◆ WORK INSTRUCTION ◆
Only some lines are wanted. Transcribe, exactly, the lines below from the line with "#2 sandal [467,203,518,317]" up to and including the line with "#10 mario figurine [82,146,167,216]".

◆ PROVIDED INFORMATION ◆
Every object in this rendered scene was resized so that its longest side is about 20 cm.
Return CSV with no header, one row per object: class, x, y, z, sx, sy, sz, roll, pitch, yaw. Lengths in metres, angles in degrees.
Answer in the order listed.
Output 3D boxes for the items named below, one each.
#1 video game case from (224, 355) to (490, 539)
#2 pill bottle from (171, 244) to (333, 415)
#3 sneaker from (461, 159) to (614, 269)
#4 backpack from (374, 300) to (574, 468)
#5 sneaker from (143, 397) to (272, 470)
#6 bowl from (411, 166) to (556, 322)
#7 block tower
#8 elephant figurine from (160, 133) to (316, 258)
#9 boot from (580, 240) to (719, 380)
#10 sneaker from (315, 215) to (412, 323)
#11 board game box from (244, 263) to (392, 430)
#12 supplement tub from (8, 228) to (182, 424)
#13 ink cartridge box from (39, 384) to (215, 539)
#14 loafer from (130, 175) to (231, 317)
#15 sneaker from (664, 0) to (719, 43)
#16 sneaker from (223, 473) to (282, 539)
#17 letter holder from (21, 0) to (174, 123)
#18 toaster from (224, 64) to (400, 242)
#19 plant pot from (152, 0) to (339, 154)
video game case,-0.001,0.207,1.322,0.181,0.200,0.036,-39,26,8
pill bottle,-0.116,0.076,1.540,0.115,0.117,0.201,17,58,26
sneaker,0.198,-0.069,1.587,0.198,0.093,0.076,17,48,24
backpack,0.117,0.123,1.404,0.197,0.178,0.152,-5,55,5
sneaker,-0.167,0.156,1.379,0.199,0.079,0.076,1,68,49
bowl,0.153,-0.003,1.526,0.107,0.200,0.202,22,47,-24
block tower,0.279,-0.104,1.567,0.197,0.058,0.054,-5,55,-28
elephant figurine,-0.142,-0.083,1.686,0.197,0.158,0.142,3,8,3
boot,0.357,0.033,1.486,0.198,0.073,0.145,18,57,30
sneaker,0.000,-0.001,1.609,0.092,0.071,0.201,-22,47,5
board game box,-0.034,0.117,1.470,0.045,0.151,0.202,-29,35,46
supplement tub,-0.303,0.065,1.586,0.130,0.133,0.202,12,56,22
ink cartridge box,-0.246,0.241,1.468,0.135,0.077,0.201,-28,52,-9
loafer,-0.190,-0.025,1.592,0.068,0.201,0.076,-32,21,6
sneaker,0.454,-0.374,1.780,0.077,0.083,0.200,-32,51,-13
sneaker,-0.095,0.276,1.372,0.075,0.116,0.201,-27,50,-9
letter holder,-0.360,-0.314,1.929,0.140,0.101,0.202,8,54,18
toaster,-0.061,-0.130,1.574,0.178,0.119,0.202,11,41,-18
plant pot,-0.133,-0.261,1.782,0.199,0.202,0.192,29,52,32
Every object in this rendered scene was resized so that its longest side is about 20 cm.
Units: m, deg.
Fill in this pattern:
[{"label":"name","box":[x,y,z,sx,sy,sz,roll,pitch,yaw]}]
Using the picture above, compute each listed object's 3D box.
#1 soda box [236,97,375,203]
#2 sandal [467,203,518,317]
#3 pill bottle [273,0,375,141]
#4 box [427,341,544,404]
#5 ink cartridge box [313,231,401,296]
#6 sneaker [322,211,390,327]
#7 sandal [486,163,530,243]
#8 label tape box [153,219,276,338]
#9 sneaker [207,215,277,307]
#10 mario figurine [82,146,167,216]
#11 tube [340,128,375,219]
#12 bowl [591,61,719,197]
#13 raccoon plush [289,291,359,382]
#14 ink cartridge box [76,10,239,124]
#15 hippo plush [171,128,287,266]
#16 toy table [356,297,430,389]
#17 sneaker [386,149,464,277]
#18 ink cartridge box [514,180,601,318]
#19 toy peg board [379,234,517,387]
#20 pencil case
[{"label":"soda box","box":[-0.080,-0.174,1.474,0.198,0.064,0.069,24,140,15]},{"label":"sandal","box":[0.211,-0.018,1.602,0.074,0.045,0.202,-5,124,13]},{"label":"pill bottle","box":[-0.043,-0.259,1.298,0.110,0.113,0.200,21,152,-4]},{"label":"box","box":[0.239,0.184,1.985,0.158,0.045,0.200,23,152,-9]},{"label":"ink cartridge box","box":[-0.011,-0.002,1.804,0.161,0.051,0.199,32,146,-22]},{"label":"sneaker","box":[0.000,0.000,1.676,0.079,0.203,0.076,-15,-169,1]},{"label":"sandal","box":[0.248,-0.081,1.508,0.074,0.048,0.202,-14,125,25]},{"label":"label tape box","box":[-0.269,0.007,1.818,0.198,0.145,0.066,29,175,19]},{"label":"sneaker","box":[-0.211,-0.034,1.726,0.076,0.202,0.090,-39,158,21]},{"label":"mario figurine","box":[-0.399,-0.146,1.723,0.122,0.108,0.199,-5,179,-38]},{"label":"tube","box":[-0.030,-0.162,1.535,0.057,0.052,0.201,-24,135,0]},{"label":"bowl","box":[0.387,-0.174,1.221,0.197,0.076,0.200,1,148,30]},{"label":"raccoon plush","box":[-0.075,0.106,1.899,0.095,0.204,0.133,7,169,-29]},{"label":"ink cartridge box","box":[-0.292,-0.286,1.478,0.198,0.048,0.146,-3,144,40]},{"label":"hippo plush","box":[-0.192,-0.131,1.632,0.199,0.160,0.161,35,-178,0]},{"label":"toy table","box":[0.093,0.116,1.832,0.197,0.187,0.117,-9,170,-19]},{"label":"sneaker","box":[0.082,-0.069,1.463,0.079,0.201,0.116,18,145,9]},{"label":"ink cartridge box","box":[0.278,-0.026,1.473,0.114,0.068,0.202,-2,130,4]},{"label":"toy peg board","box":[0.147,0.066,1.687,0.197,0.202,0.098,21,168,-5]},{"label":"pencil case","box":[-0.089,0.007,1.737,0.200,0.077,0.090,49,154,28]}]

◆ RESPONSE AREA ◆
#2 sandal [467,203,518,317]
#3 pill bottle [273,0,375,141]
#4 box [427,341,544,404]
#5 ink cartridge box [313,231,401,296]
#6 sneaker [322,211,390,327]
#7 sandal [486,163,530,243]
#8 label tape box [153,219,276,338]
#9 sneaker [207,215,277,307]
#10 mario figurine [82,146,167,216]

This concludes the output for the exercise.